Closed SvennoNito closed 6 years ago
hi, what actually seems to be happening is that you have traces are close to threshold. For eFEL the definition of a spike is "the voltage has to cross the threshold, and go below the threshold again" (the default value is -20 mV).
In figure 2, trail 11, the eFEL basically assume the entire stimulus is 1 spike, and finds the max voltage in that range.
Are these traces by chance the output of a parameters optimisation ? Sometimes these optimisers find these kind of weird solutions.
You're correct that that the definition of Threshold and DerivateThreshold are not in the documentation. I will create a separate issue for that.
For now: Threshold: used to detect spikes. For a spike to be detected, the voltage should cross the threshold, and go back below the threshold afterwards. DerivateThreshold: Used to detect the beginning of a spike (after the Threshold was used to detect the spike as a whole). Once the dV/dt crosses this threshold for 3 time point (in the interval starting from previous AHP and tip of spike), the beginning of the spike is set there.
Hey, thanks for the explanation, that helps a lot! I will try that later, maybe that will change my problem already. Nevertheless: do you know whether the other paramters (e.g. spike_skipf) are explained somewhere, too?
No, that's not there either. A quick summary:
interp_step: before the eFEL runs the feature extraction it first interpolates the traces, this is the interpolation interval (default: 0.1 ms)

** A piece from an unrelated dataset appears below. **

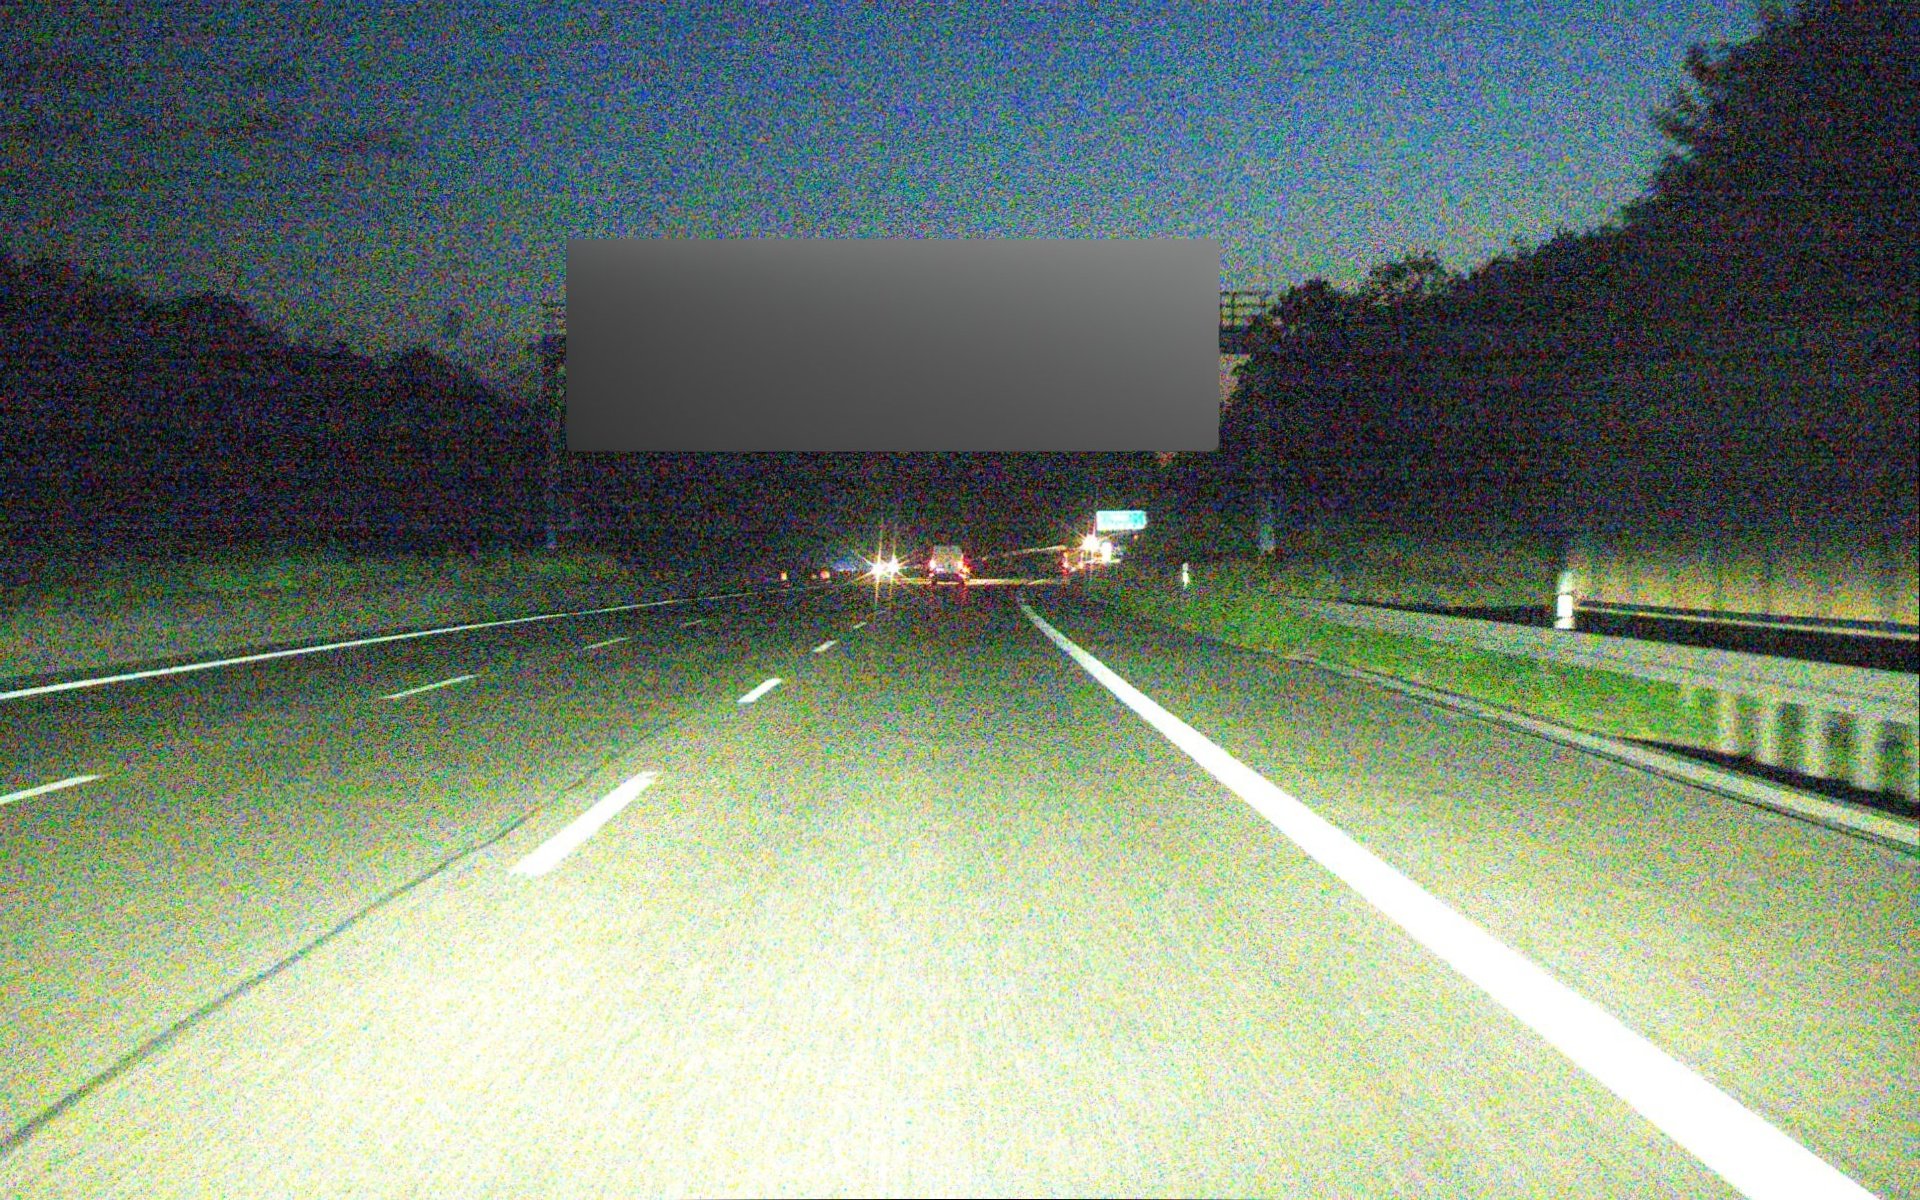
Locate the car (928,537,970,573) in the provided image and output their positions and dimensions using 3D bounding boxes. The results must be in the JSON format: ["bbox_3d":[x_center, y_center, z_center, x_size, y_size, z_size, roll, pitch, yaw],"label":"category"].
[{"bbox_3d":[-0.691,-2.925,223.643,2.511,2.306,4.970,0,0,3],"label":"car"}]

strict_stiminterval: if set to 1: make sure all features are extracted 'only' inside the stimulus interval (for. e.g. spikes outside stiminterval are not included).

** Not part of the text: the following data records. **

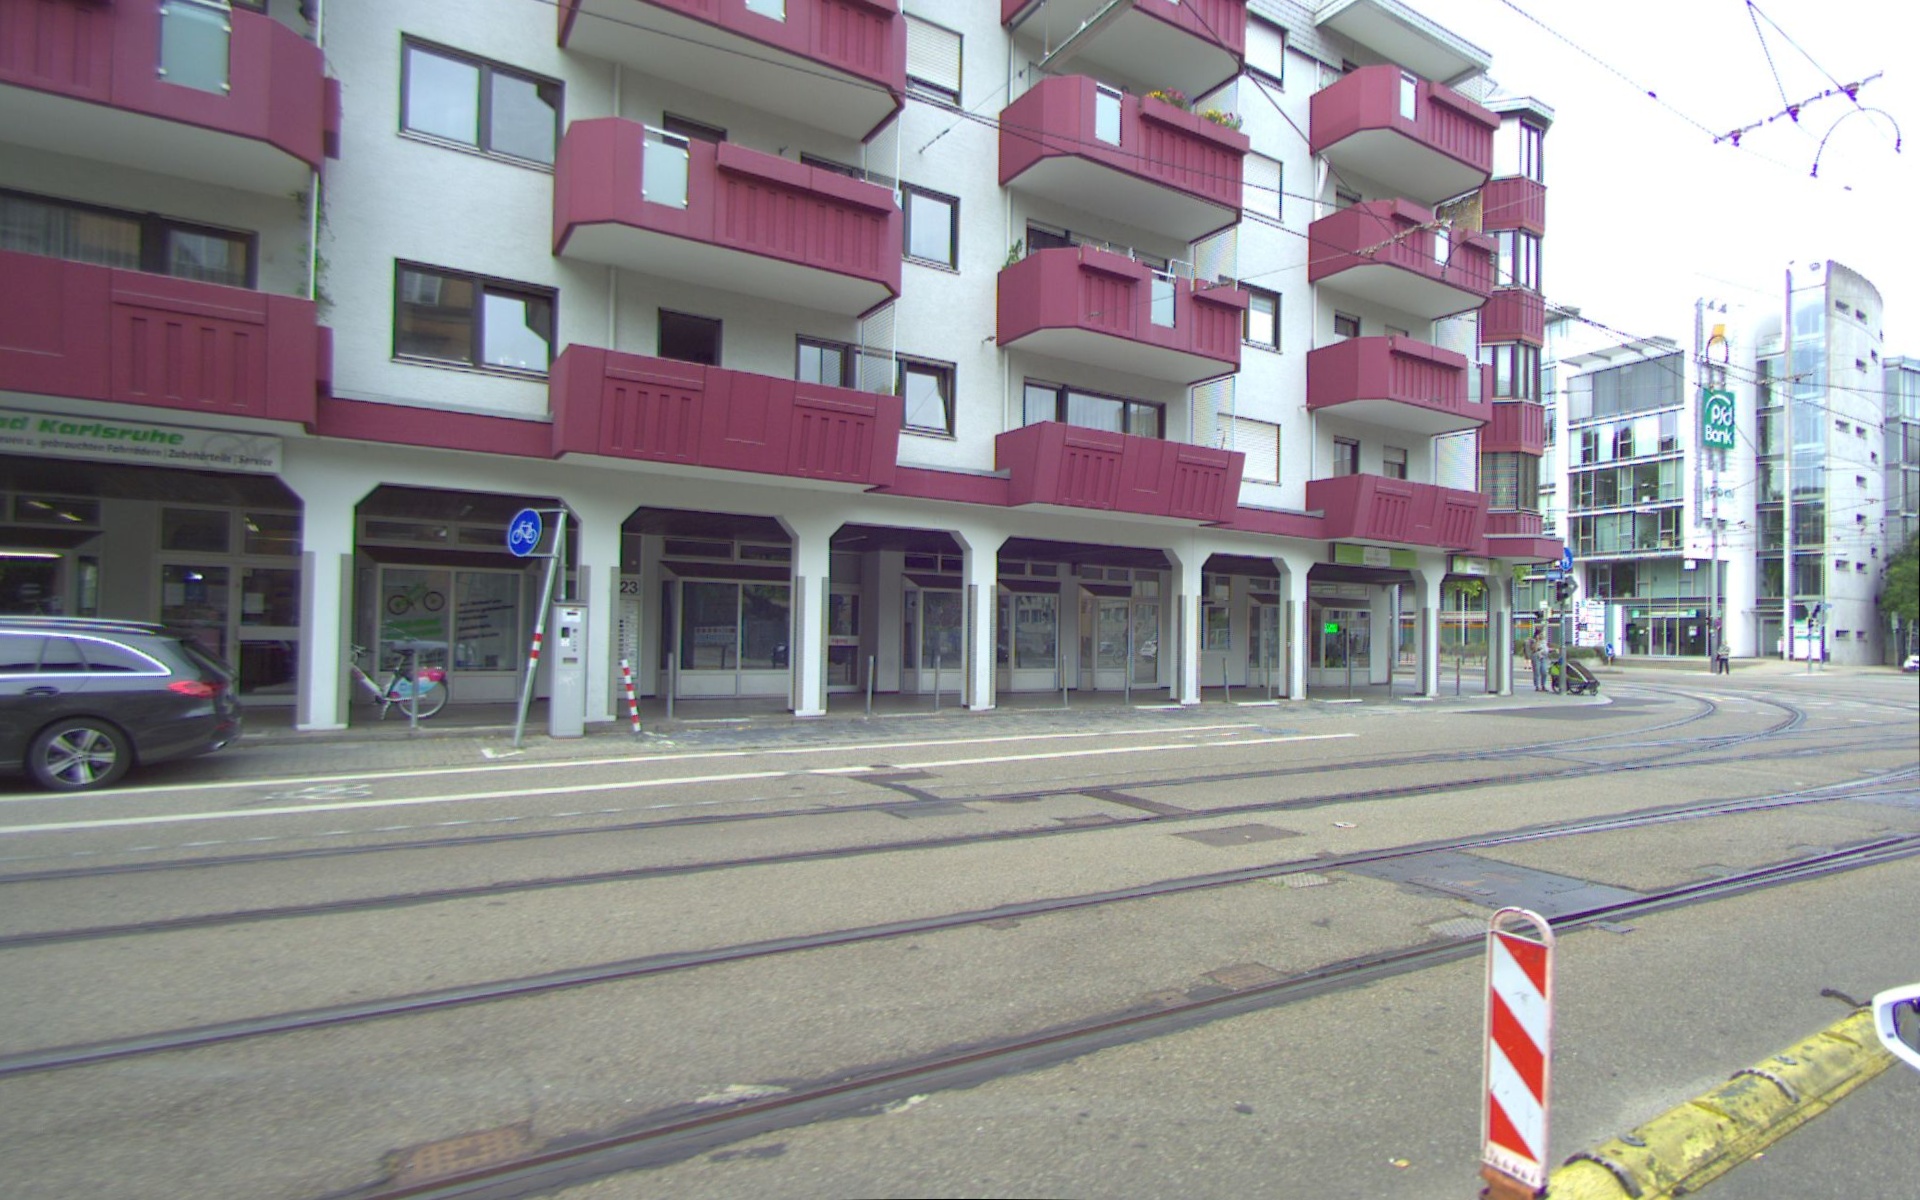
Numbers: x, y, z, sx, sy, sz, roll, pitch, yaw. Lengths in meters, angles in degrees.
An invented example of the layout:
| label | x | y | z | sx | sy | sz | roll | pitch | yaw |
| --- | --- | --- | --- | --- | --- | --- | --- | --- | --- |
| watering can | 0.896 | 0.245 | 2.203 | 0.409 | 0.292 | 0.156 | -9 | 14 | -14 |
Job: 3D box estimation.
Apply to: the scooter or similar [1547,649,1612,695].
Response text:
| label | x | y | z | sx | sy | sz | roll | pitch | yaw |
| --- | --- | --- | --- | --- | --- | --- | --- | --- | --- |
| scooter or similar | 16.592 | 1.907 | 26.915 | 0.936 | 1.143 | 1.189 | 2 | -1 | -32 |

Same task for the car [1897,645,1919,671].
| label | x | y | z | sx | sy | sz | roll | pitch | yaw |
| --- | --- | --- | --- | --- | --- | --- | --- | --- | --- |
| car | 60.019 | 3.603 | 62.000 | 4.160 | 1.577 | 1.824 | 2 | 0 | -26 |

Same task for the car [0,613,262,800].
| label | x | y | z | sx | sy | sz | roll | pitch | yaw |
| --- | --- | --- | --- | --- | --- | --- | --- | --- | --- |
| car | -9.004 | 0.878 | 8.746 | 4.645 | 1.499 | 1.745 | 2 | 0 | -31 |

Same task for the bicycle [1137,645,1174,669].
| label | x | y | z | sx | sy | sz | roll | pitch | yaw |
| --- | --- | --- | --- | --- | --- | --- | --- | --- | --- |
| bicycle | 8.938 | 2.611 | 45.925 | 1.710 | 1.031 | 0.475 | 5 | -4 | -28 |

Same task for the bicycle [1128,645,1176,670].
| label | x | y | z | sx | sy | sz | roll | pitch | yaw |
| --- | --- | --- | --- | --- | --- | --- | --- | --- | --- |
| bicycle | 8.911 | 2.657 | 46.569 | 2.152 | 1.031 | 0.624 | 5 | -3 | -24 |

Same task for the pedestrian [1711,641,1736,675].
| label | x | y | z | sx | sy | sz | roll | pitch | yaw |
| --- | --- | --- | --- | --- | --- | --- | --- | --- | --- |
| pedestrian | 42.412 | 3.205 | 55.806 | 0.753 | 1.889 | 0.833 | 1 | -2 | -17 |

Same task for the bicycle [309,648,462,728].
| label | x | y | z | sx | sy | sz | roll | pitch | yaw |
| --- | --- | --- | --- | --- | --- | --- | --- | --- | --- |
| bicycle | -7.387 | 1.108 | 12.947 | 1.636 | 0.966 | 0.560 | 2 | -2 | -38 |

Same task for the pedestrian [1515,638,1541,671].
| label | x | y | z | sx | sy | sz | roll | pitch | yaw |
| --- | --- | --- | --- | --- | --- | --- | --- | --- | --- |
| pedestrian | 29.104 | 2.794 | 51.481 | 0.753 | 1.693 | 0.935 | 1 | -2 | -17 |

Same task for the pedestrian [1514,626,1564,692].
| label | x | y | z | sx | sy | sz | roll | pitch | yaw |
| --- | --- | --- | --- | --- | --- | --- | --- | --- | --- |
| pedestrian | 16.019 | 1.615 | 27.815 | 0.803 | 1.766 | 0.942 | 2 | -2 | -33 |

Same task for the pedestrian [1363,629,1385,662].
| label | x | y | z | sx | sy | sz | roll | pitch | yaw |
| --- | --- | --- | --- | --- | --- | --- | --- | --- | --- |
| pedestrian | 24.461 | 2.686 | 59.352 | 0.831 | 1.880 | 0.838 | 2 | -2 | -31 |

min_spike_height: not used (only used in old feature that is not accesible through the python api anymore)
spike_skipf: the fraction of the stimulus interval to skip for features ISI log slope and adaptation index (this is to avoid the burst at the beginning of a trace)
max_spike_skip: maximum number of spikes to skip by spike_skipf.
burst_factor: if an ISI is larger that burst_factor * dMedian, a new burst is started during burst detection. dMedian is a rolling median of the ISIs in a burst.
voltage_base_start_perc: voltage_base is the average of the voltage before the stimulus. This value is the percentage of this interval the average calculate starts
voltage_base_end_perc: same as above, but the end. So the default interval to calculate voltage_base is 90 -> 100 % of interval before stimulus
initial_perc: used in feature "number_initial_spikes". It's the fraction of the stimulus interval to calculate spikes for this feature
Amazing thank you! I managed to handle the spike detection pretty well by changing the threshold value, thanks so much for the explanation. Do you by chance know the default value of "DerivateThreshold" ?
This values are defined here: https://github.com/BlueBrain/eFEL/blob/master/efel/settings.py#L40 So it's 10 (mV/ms)
Hey,
thanks for this amazing toolbox! If it works it will save me so much work. I have intracellular recordings of leech neurons. We injected different electrical current during recording, which elicited action potentials. I try to detect certain spike train characteristics, yet for some stimulus values the toolbox doesn't detect action potentials correctly, yet. I already found out that I can change certain setting using
setDoubleSetting('spike_skipf', 0.1) setIntSetting('max_spike_skip', 2) setDoubleSetting('Threshold', _settings.threshold) setDoubleSetting('DerivativeThreshold', _settings.derivative_threshold) setDoubleSetting('interp_step', 0.1) setDoubleSetting('burst_factor', 1.5) setDoubleSetting('voltage_base_start_perc', 0.9) setDoubleSetting('voltage_base_end_perc', 1.0) setDoubleSetting("initial_perc", 0.1) setDoubleSetting("min_spike_height", 20.0) setIntSetting("strict_stiminterval", 0)
However, instead of randomly changing those values until my peaks are detected correctly, I would like to look up what these settings actually mean. I only found documentation for Threshold and DerivativeThreshold. Is there documentation for all setting somewhere? I will upload two plots showing trials in which spikes are detected wrongly or not at all.